━━━ DATA PROVIDED ━━━

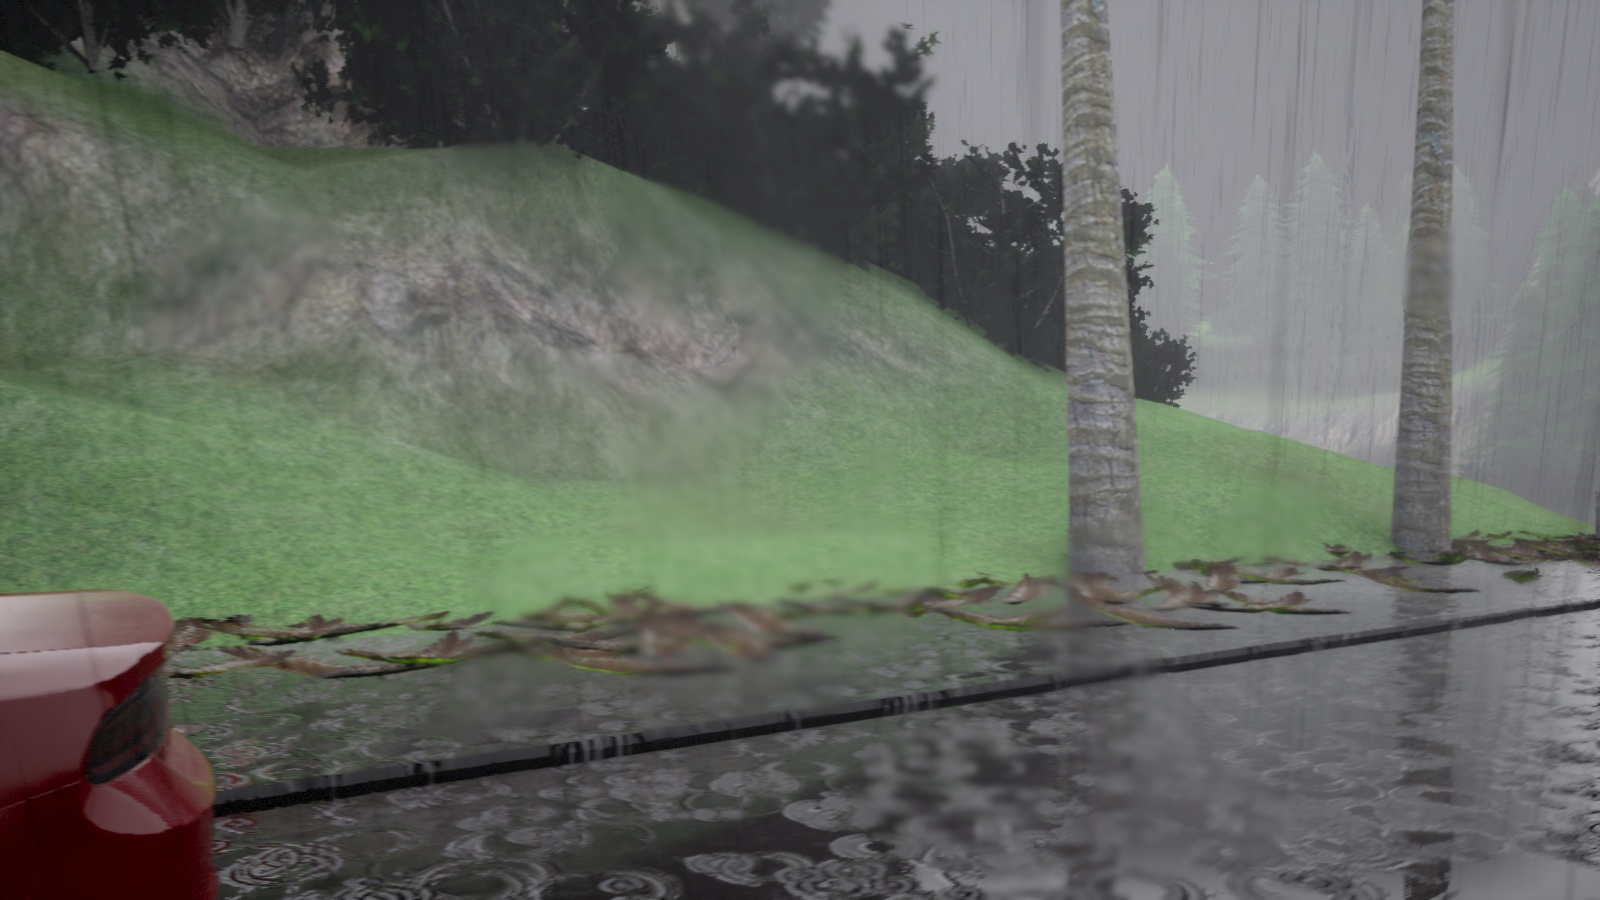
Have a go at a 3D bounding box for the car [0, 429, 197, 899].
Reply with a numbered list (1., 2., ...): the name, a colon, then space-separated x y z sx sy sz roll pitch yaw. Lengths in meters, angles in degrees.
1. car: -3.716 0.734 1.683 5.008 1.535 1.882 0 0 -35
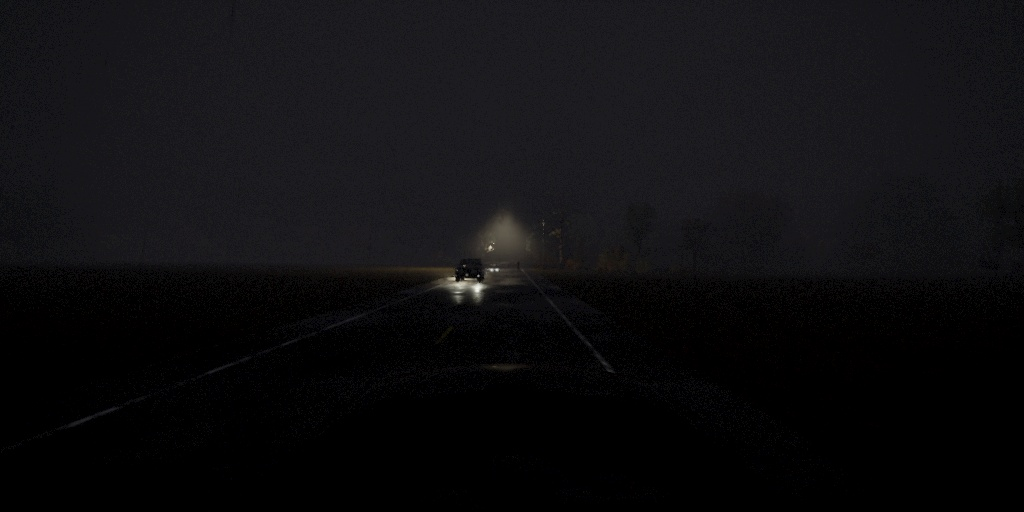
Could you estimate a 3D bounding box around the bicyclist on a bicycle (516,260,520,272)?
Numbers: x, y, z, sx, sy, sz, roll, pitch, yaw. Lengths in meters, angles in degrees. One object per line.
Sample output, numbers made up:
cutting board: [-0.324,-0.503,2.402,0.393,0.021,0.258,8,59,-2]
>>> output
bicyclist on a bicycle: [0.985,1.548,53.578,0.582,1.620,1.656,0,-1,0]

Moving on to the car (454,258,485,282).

━━━

▸ **INSTRUCTIONS FOR THE TASK**: Return all lines above that mention the word "bounding".

▸ **EXERCISE SOLUTION**:
Have a go at a 3D bounding box for the car [0, 429, 197, 899].
Could you estimate a 3D bounding box around the bicyclist on a bicycle (516,260,520,272)?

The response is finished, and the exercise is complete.